Von Alfred Ohswald am 07.04.2001

  Die Journalistin Irene, noch von einer brutalen Entführung mit Gips, bekommt einen mit Thanatos unterzeichneten Brief mit der Ankündigung eines Mordes. Alle Hinweise sind durch Ausdrücke aus der griechischen Mythologie der Antike verschlüsselt, wie auch der Name Thanatos dort her stammt und den Tod bezeichnet. Irene selbst wird als Kassandra tituliert und weis nicht recht was sie davon halten soll. Sie informiert natürlich auch ihren Verlobten, den bei der Mordkommission arbeitenden Frank.
  Tatsächlich wird am nächsten Tag ein Mordopfer gefunden, wo die in dem Brief gemachten Angaben übereinstimmen. Die Ermittlungen führen kaum weiter und schon ist der nächste Mord angekündigt.

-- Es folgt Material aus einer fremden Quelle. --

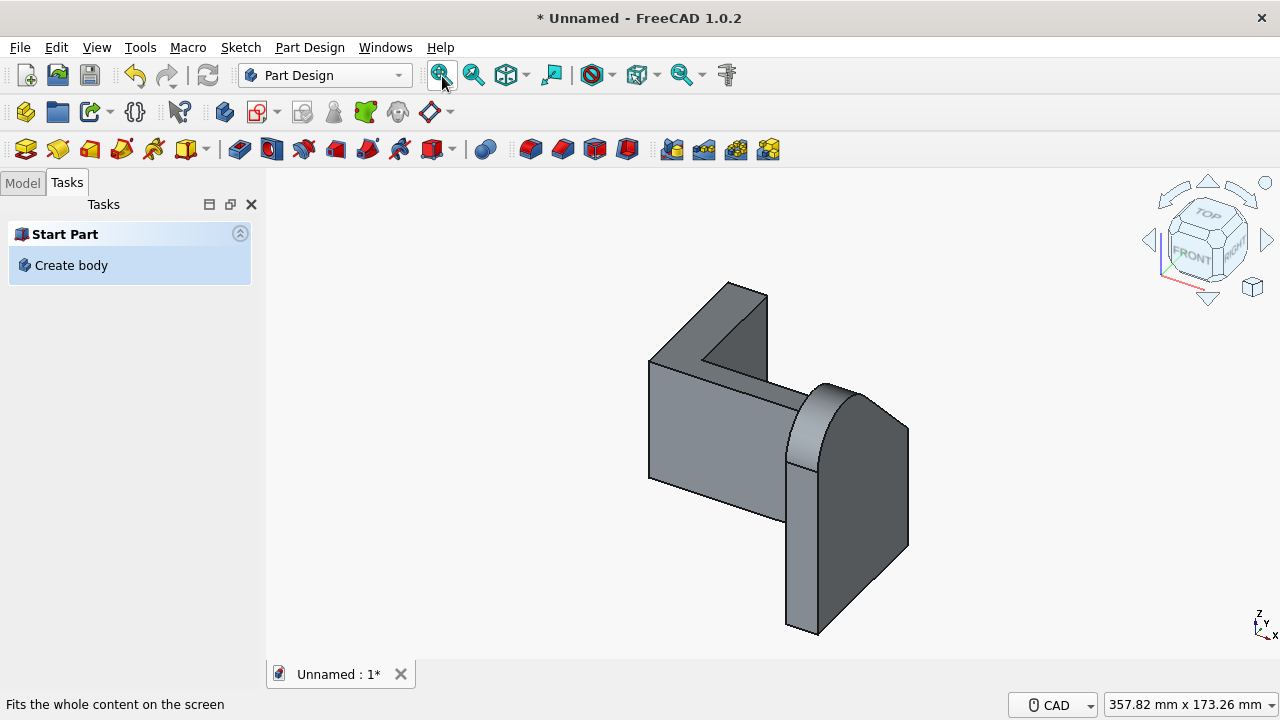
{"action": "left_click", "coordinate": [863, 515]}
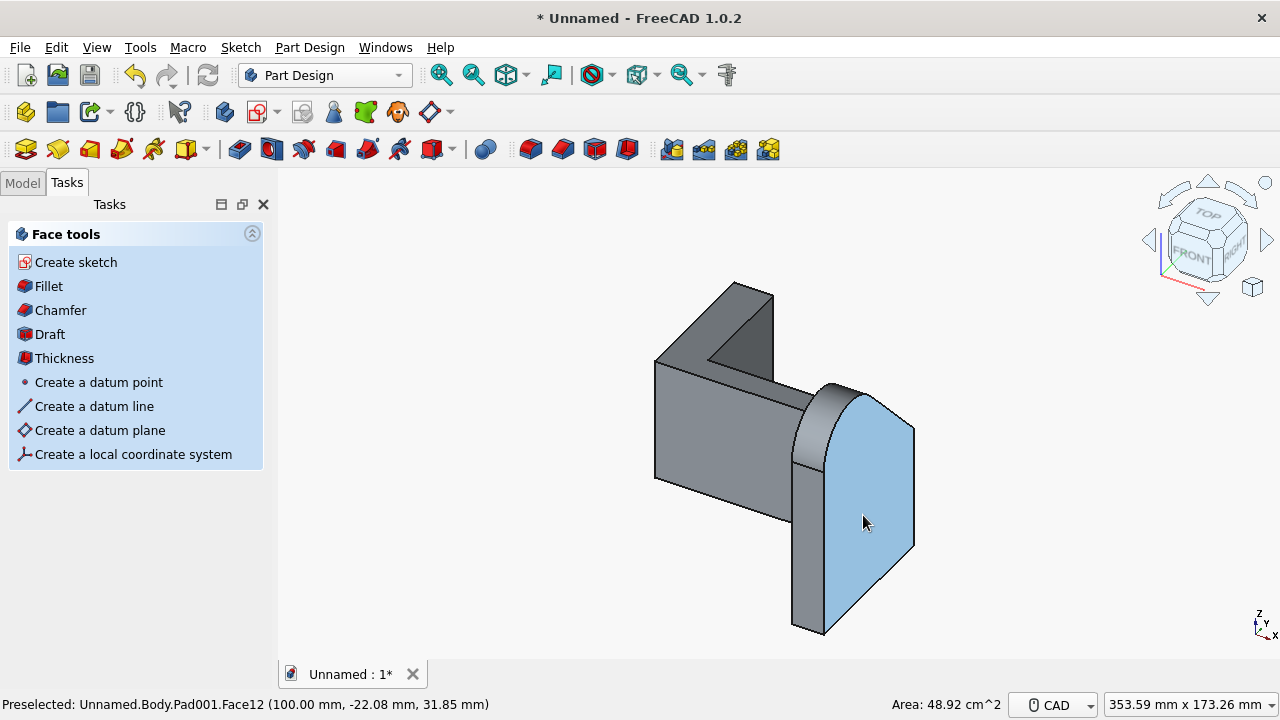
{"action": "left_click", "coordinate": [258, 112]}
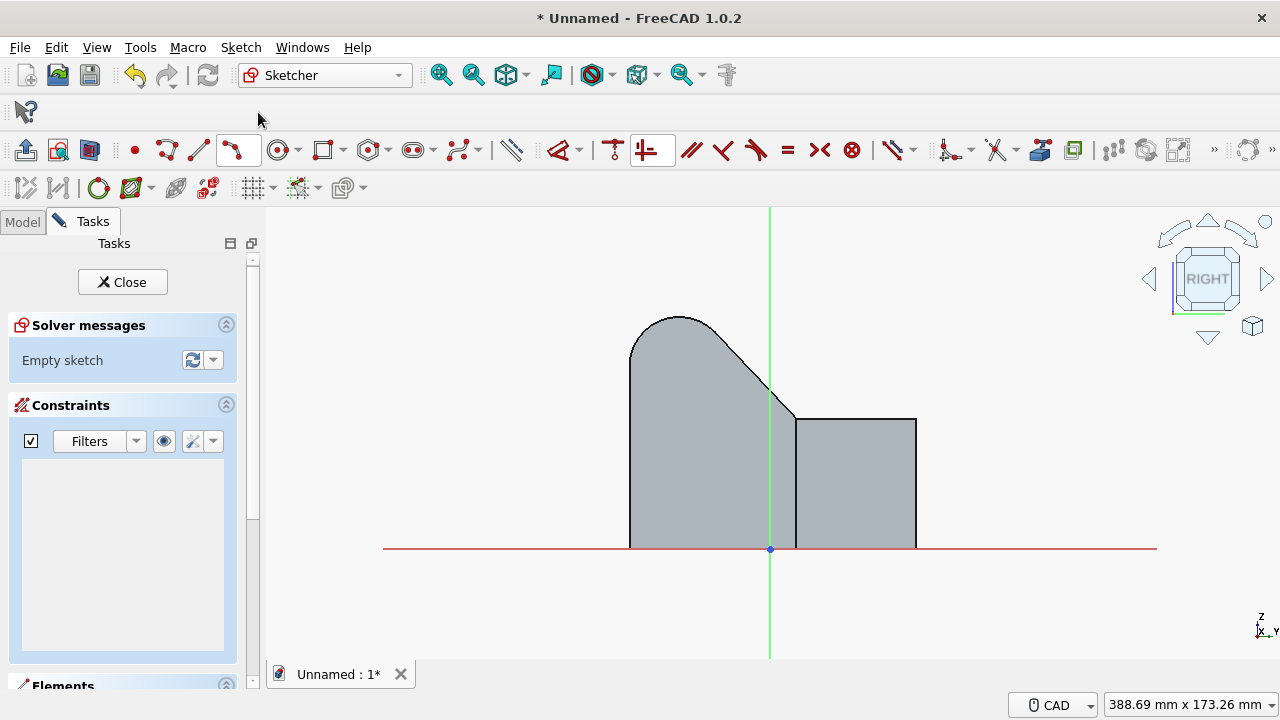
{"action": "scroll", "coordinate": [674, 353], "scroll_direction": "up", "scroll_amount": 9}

Erst nach dem dritten Opfer beginnt sich Spur weit zurück aus der Vergangenheit abzuzeichnen.
 
  Burkes dritter Krimi mit der risikofreudigen und dickköpfigen jungen Journalistin Irene Kelly ist wieder ein geradliniger, mit angenehm flüssiger Sprache erzählter Krimi. Auch beim Tempo der Handlung beweist Burke eine glückliche Hand und findet den richtigen Weg ohne zu hetzen oder zu weit abzuschweifen. Unterhaltsam, spannend, ein gelungener Krimi eben.